The Mail on Sunday – Surely Blair can’t go on backing this monster who boils his enemies alive: Today the World looks on in horror as scores, perhaps hundreds, of pro-democracy demonstrators in Andizhan pay with their lives the price of Western support for the evil Uzbek dictator, Islam Karimov. George Bush and Tony Blair are culpable in these deaths. They have supported Karimov and obstructed the growth of democratic opposition in the country.
The Uzbek regime has attempted to portray the dissidents as Islamic militants. The White House has been keen to parrot this, saying the demonstrators include ‘Islamic terrorists’. This is how they justify continued support to their favourite dictator, and a regime which has literally been known to boil opponents alive. But the charge is simply a lie. Those demonstrating are not Islamic militants. They simply want freedom, democracy and above all a chance to make a living away from the continued Soviet economic system of Uzbekistan.

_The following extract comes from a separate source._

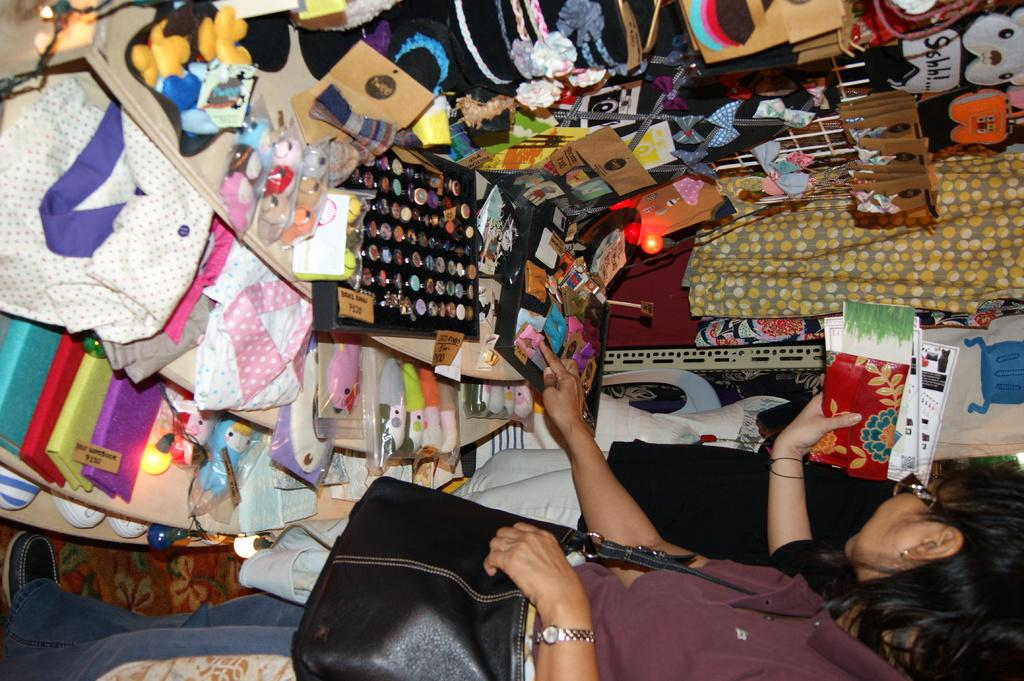How many people are in the image? There are two people standing in the image. What is the woman carrying? The woman is carrying a bag. What type of items can be seen in the image related to daily life? Clothes, toys, books, and footwear are visible in the image. Can you describe the light source in the image? A light source is present in the image. What other objects can be seen in the image? There are other objects in the image. What type of ice can be seen melting on the ground in the image? There is no ice present in the image; it does not show any melting ice on the ground. 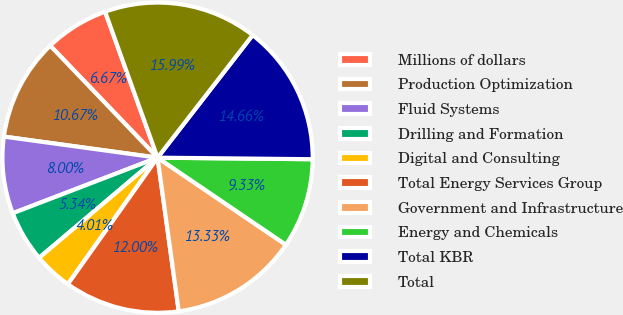Convert chart. <chart><loc_0><loc_0><loc_500><loc_500><pie_chart><fcel>Millions of dollars<fcel>Production Optimization<fcel>Fluid Systems<fcel>Drilling and Formation<fcel>Digital and Consulting<fcel>Total Energy Services Group<fcel>Government and Infrastructure<fcel>Energy and Chemicals<fcel>Total KBR<fcel>Total<nl><fcel>6.67%<fcel>10.67%<fcel>8.0%<fcel>5.34%<fcel>4.01%<fcel>12.0%<fcel>13.33%<fcel>9.33%<fcel>14.66%<fcel>15.99%<nl></chart>

I know this because I know them. A year ago I travelled to Andizhan as British Ambassador, to attend a meeting of an organisation called the ‘Democratic Forum’. This was an attempt to set up an umbrella grouping of supporters of democratic change, with the aim of contesting parliamentary elections held in Uzbekistan last December. At least two of the people at that meeting were among the 23 ‘Islamic militants’ whose imprisonment sparked the current uprising. In fact they were businessmen who wanted capitalism and democracy to come to Uzbekistan.
The Uzbek government tried hard to stop me getting to Andizhan that day. We were stopped at repeated police road blocks, one of which I physically overturned to get past, to the consternation of the Uzbek security services, who couldn’t shoot Her Majesty’s Ambassador.
We had been followed for miles by a car containing four leather jacketed men. When we stopped for tea they stopped too and sat at the next table. At the last police check point they overtook us. As we entered Andizhan City they emerged at speed from a side street and tried to ram us. Only the brilliance of our Embassy driver, Sasha, saved us from this unfortunate ‘Accident’.
I kept up relationships with the Andizhan opposition after my visit. They came to my office several times. Andizhan had been a comparatively wealthy town and its middle class had been particularly hit by government anti-enterprise measures taken from November 2002. Alarmed that slight economic liberalisation was leading to the start of an independently minded middle class, the Uzbek government had clamped down on the private sector. Borders were physically closed to private trade, and in the Ferghana Valley near Andizhan cross-border bridges were dynamited. Bazaars were closed by the security forces. Laws were passed ending cash trading and forcing all business transactions to go through state-owned and controlled banks. The economic effects were catastrophic, especially in a dynamic trading town like Andizhan.
There was no outlet for the resulting discontent. There is absolutely no media freedom in Uzbekistan. The Democratic Forum got nowhere. The opposition were banned from the parliamentary elections, which were farcically contested between five government ‘parties’ all supporting the President. We are Back in the USSR.
Yet President Karimov, the great oppressor of liberty and capitalism, has the strong support of George Bush. He is a welcome guest for tea in the White House. Donald Rumsveld, Condoleeza Rice and Colin Powell have all been to Tashkent and lavished praise upon their host. Tony Blair and Jack Straw were all too willing to sack me for speaking out against Karimov’s habit of arresting, very often torturing and sometimes killing political opponents.